Любезная приятельница, должно быть, была своим человеком в доме, потому что тем временем она уже входила в кабинет и даже не взглянув на нас, в полутьме сморкающегося дня, уверенно подошла к Алье, игриво погладила его по лицу и сказала:
— Симон, ты что, заставишь меня сидеть в приемной? — Это была Лоренца Пеллегрини.
Алье легонько отодвинулся, поцеловал ей руку и сказал, указывая на нас: — Любезная моя, милая София, как вы знаете, вы дома в любом доме, который озаряете присутствием. Я просто прощался с посетителями.
Лоренца обратила внимание на нас и радостно взмахнула рукой — да я и не помню, видел ли я хоть раз ее удивленной или смущенной чем бы то ни было.
— А, как чудесно, — сказала она. — Вы тоже знаете моего друга! Якопо, как дела. — Последняя фраза имела не вопросительную, а утвердительную форму. Я заметил, как побледнел Бельбо. Мы попрощались, Алье напоследок сказал, что крайне рад найти с нами общих знакомых.
— Я считаю нашу общую приятельницу одним из наиболее подлинных созданий из всех, кого мне выпало знавать.
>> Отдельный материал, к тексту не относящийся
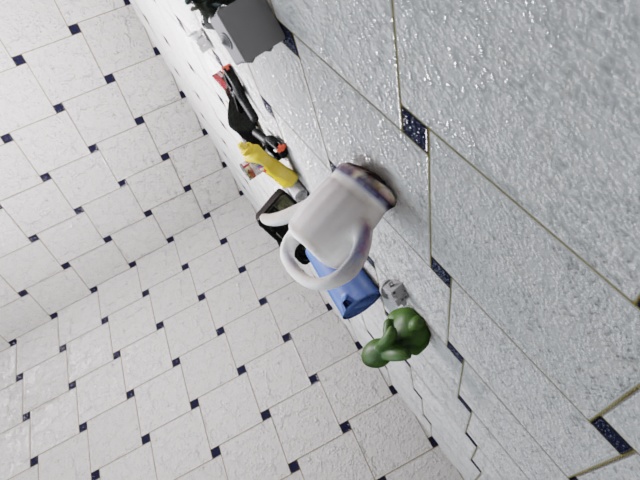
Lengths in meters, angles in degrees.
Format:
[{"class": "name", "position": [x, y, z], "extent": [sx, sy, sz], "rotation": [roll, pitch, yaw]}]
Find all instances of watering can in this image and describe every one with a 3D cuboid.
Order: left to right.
[{"class": "watering can", "position": [0.003, -0.046, 0.911], "extent": [0.102, 0.224, 0.353], "rotation": [41, -178, -33]}]

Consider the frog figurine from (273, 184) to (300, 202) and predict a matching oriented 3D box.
[{"class": "frog figurine", "position": [-0.097, -0.135, 1.692], "extent": [0.139, 0.123, 0.158], "rotation": [-125, 39, -72]}]
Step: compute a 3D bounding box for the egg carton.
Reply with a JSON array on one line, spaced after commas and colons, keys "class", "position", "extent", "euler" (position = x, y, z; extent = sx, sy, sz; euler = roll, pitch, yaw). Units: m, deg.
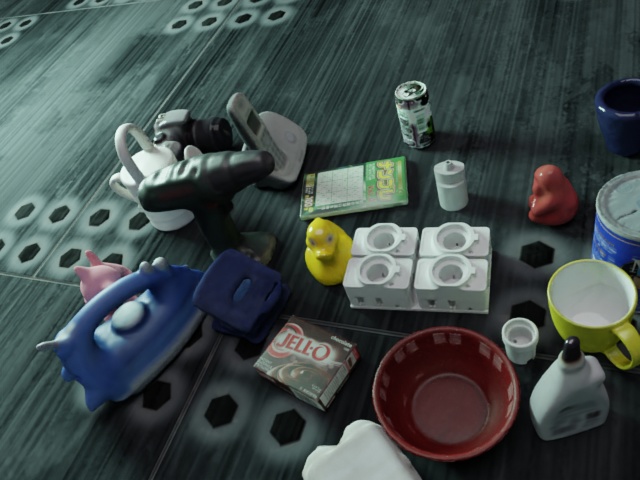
[{"class": "egg carton", "position": [0.054, 0.267, 0.600], "extent": [0.107, 0.070, 0.150], "euler": [-33, 47, -10]}]

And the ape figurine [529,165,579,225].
[{"class": "ape figurine", "position": [0.313, -0.067, 0.782], "extent": [0.078, 0.092, 0.075], "euler": [-44, 50, -19]}]

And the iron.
[{"class": "iron", "position": [-0.265, 0.104, 0.813], "extent": [0.118, 0.142, 0.259], "euler": [27, 64, 36]}]

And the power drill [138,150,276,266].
[{"class": "power drill", "position": [-0.144, -0.045, 0.853], "extent": [0.229, 0.209, 0.075], "euler": [-2, 50, 19]}]

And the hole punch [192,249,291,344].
[{"class": "hole punch", "position": [-0.109, 0.077, 0.814], "extent": [0.100, 0.091, 0.109], "euler": [11, 55, 28]}]

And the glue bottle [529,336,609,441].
[{"class": "glue bottle", "position": [0.247, 0.143, 0.565], "extent": [0.078, 0.173, 0.037], "euler": [-18, 46, 5]}]

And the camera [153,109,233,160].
[{"class": "camera", "position": [-0.247, -0.192, 1.096], "extent": [0.136, 0.101, 0.143], "euler": [-5, 49, 16]}]

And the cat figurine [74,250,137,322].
[{"class": "cat figurine", "position": [-0.338, 0.065, 0.891], "extent": [0.067, 0.118, 0.127], "euler": [-31, 47, -7]}]

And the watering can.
[{"class": "watering can", "position": [-0.280, -0.117, 0.978], "extent": [0.173, 0.194, 0.100], "euler": [-26, 46, -2]}]

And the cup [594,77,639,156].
[{"class": "cup", "position": [0.452, -0.178, 0.827], "extent": [0.118, 0.095, 0.091], "euler": [-39, 48, -14]}]

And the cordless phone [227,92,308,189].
[{"class": "cordless phone", "position": [-0.094, -0.191, 0.980], "extent": [0.094, 0.185, 0.147], "euler": [-4, 49, 17]}]

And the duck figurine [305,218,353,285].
[{"class": "duck figurine", "position": [0.008, 0.003, 0.839], "extent": [0.077, 0.086, 0.104], "euler": [-13, 47, 10]}]
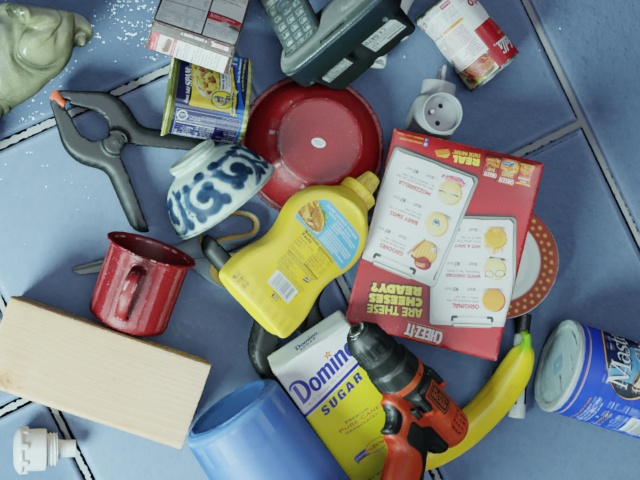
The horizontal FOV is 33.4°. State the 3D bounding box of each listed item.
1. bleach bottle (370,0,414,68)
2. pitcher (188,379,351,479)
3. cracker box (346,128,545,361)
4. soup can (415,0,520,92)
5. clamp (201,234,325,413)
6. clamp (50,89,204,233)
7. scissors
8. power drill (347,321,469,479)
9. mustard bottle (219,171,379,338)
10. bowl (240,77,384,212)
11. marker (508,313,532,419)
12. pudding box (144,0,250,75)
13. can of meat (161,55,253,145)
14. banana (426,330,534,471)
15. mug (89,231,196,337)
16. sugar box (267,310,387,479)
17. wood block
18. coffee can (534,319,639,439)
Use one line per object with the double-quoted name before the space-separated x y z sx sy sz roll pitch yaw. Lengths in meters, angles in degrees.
"bleach bottle" 0.084 -0.311 1.161 0.102 0.068 0.251 9 89 -7
"pitcher" -0.035 0.270 1.072 0.149 0.145 0.243 -41 102 -39
"cracker box" 0.132 0.005 1.136 0.164 0.072 0.214 14 86 8
"soup can" 0.160 -0.222 1.166 0.068 0.068 0.102 -40 94 -9
"clamp" -0.044 0.079 1.131 0.164 0.036 0.210 -1 92 -20
"clamp" -0.214 -0.090 1.115 0.171 0.039 0.120 29 78 -10
"scissors" -0.150 0.032 1.132 0.201 0.016 0.096 -24 92 -9
"power drill" 0.064 0.195 1.034 0.184 0.058 0.187 46 53 -28
"mustard bottle" -0.007 0.001 1.092 0.191 0.058 0.096 -47 111 -13
"bowl" -0.004 -0.102 1.141 0.162 0.055 0.162 0 88 -9
"marker" 0.223 0.137 1.188 0.020 0.020 0.121 5 87 -9
"pudding box" -0.125 -0.226 1.103 0.090 0.113 0.039 17 129 -8
"can of meat" -0.117 -0.151 1.110 0.084 0.057 0.102 9 57 -11
"banana" 0.172 0.180 1.157 0.069 0.037 0.198 32 98 -39
"mug" -0.182 0.048 1.065 0.093 0.117 0.081 20 99 -4
"sugar box" 0.031 0.169 1.112 0.093 0.048 0.176 -34 114 -1
"wood block" -0.224 0.133 1.079 0.206 0.090 0.091 20 85 -8
"coffee can" 0.320 0.156 1.161 0.140 0.103 0.103 18 85 -9
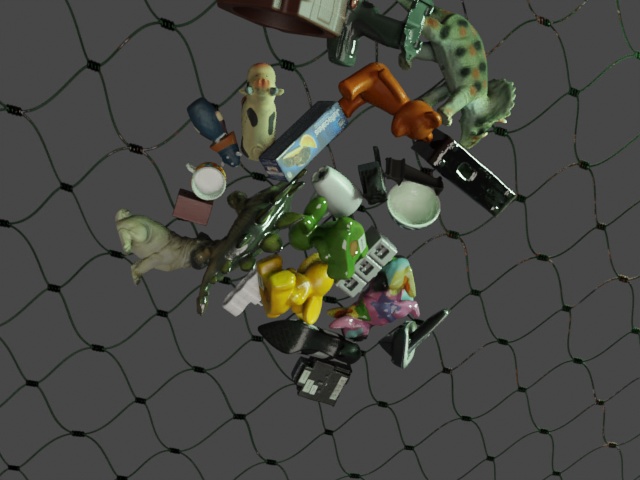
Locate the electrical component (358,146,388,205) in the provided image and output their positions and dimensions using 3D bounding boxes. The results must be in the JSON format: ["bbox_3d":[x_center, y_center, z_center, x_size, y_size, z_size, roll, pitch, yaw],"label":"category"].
[{"bbox_3d":[0.114,-0.143,1.177,0.048,0.074,0.119,-12,78,14],"label":"electrical component"}]

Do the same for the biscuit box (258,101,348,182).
[{"bbox_3d":[-0.031,-0.204,1.093,0.203,0.063,0.059,-48,128,-23],"label":"biscuit box"}]

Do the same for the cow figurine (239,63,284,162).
[{"bbox_3d":[-0.123,-0.254,1.079,0.085,0.127,0.194,0,112,-12],"label":"cow figurine"}]

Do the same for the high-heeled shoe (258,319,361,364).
[{"bbox_3d":[-0.021,0.246,1.323,0.249,0.145,0.086,17,86,17],"label":"high-heeled shoe"}]

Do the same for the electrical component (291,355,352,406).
[{"bbox_3d":[-0.001,0.343,1.354,0.134,0.058,0.114,24,103,-16],"label":"electrical component"}]

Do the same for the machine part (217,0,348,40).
[{"bbox_3d":[-0.066,-0.433,0.965,0.201,0.202,0.087,-5,110,-55],"label":"machine part"}]

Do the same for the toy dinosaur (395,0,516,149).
[{"bbox_3d":[0.277,-0.373,1.108,0.192,0.131,0.404,-28,107,-12],"label":"toy dinosaur"}]

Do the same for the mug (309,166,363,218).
[{"bbox_3d":[0.021,-0.103,1.169,0.109,0.081,0.107,-34,126,13],"label":"mug"}]

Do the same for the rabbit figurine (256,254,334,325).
[{"bbox_3d":[-0.041,0.108,1.193,0.173,0.122,0.162,-19,113,-23],"label":"rabbit figurine"}]

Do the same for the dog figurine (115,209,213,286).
[{"bbox_3d":[-0.329,-0.004,1.166,0.191,0.121,0.172,-19,116,-17],"label":"dog figurine"}]

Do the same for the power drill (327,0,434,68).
[{"bbox_3d":[0.104,-0.439,1.023,0.208,0.086,0.231,22,110,24],"label":"power drill"}]

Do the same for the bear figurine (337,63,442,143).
[{"bbox_3d":[0.142,-0.262,1.097,0.132,0.120,0.196,-38,83,-9],"label":"bear figurine"}]

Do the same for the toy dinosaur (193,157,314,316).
[{"bbox_3d":[-0.120,-0.047,1.119,0.105,0.199,0.471,41,67,-31],"label":"toy dinosaur"}]

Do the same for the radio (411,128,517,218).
[{"bbox_3d":[0.317,-0.150,1.181,0.229,0.131,0.073,34,104,-18],"label":"radio"}]

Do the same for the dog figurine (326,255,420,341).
[{"bbox_3d":[0.118,0.143,1.275,0.219,0.108,0.191,-15,113,0],"label":"dog figurine"}]

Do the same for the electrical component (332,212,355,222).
[{"bbox_3d":[0.060,-0.018,1.249,0.063,0.021,0.093,-15,111,-3],"label":"electrical component"}]

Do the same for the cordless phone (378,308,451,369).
[{"bbox_3d":[0.242,0.218,1.295,0.184,0.146,0.089,-43,76,14],"label":"cordless phone"}]

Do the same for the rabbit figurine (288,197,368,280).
[{"bbox_3d":[-0.002,-0.003,1.153,0.170,0.121,0.158,10,139,29],"label":"rabbit figurine"}]

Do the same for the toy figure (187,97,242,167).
[{"bbox_3d":[-0.212,-0.220,1.114,0.058,0.064,0.154,-51,120,-29],"label":"toy figure"}]

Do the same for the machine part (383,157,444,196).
[{"bbox_3d":[0.207,-0.140,1.188,0.139,0.084,0.039,20,128,-5],"label":"machine part"}]
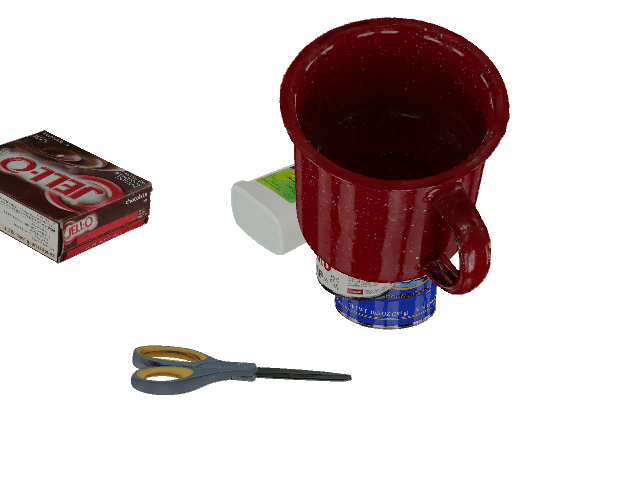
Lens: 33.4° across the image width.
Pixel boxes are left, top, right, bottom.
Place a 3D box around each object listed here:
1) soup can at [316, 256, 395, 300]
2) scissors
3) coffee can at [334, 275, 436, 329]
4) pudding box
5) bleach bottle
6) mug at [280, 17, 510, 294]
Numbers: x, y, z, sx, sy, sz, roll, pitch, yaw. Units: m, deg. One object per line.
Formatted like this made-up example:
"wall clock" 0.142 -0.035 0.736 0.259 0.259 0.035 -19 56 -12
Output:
"soup can" 0.032 -0.013 0.836 0.068 0.102 0.068 2 35 -2
"scissors" -0.080 0.123 0.955 0.202 0.016 0.096 8 17 14
"coffee can" 0.066 0.000 1.036 0.103 0.140 0.103 1 27 -1
"pudding box" -0.191 -0.033 0.754 0.114 0.039 0.089 24 30 26
"bleach bottle" 0.024 -0.071 1.258 0.250 0.068 0.103 -28 44 -29
"mug" 0.036 -0.026 0.457 0.093 0.117 0.081 -26 -30 -17

В своей свежести она воплощает, позвольте сравнение, присталое старику ученому, Софию, сосланную на нашу землю. Но милая моя София, я не успел еще известить вас, что обещанный вечер откладывается на несколько недель. Я огорчен.
— Неважно, — сказала Лоренца. — Я подожду. Вы идете в бар? — Это обращение к нашей троице тоже походило скорее на приказание, чем на вопрос. — Хорошо, я задержусь здесь на полчасика, я хочу взять у Симона один из его эликсиров, вам тоже бы неплохо их попробовать, но Симон говорит, что это только для избранных. Потом я тоже приду.
Алье улыбнулся тоном снисходительного дядюшки, откланялся нам, попросил проводить к выходу.
Выйдя на улицу, мы в полном молчании направились к моей машине, влезли в нее и доехали до «Пилада». Бельбо был нем. Но у стойки бара заговорить стало просто необходимо.
— Не хотел бы я завести вас в лапы безумцу, — сказал я.
— Нет, — ответил Бельбо. — Он человек умный и остроумный. Только живет не в том мире, что мы с вами. — И мрачно добавил немного погодя: — Почти.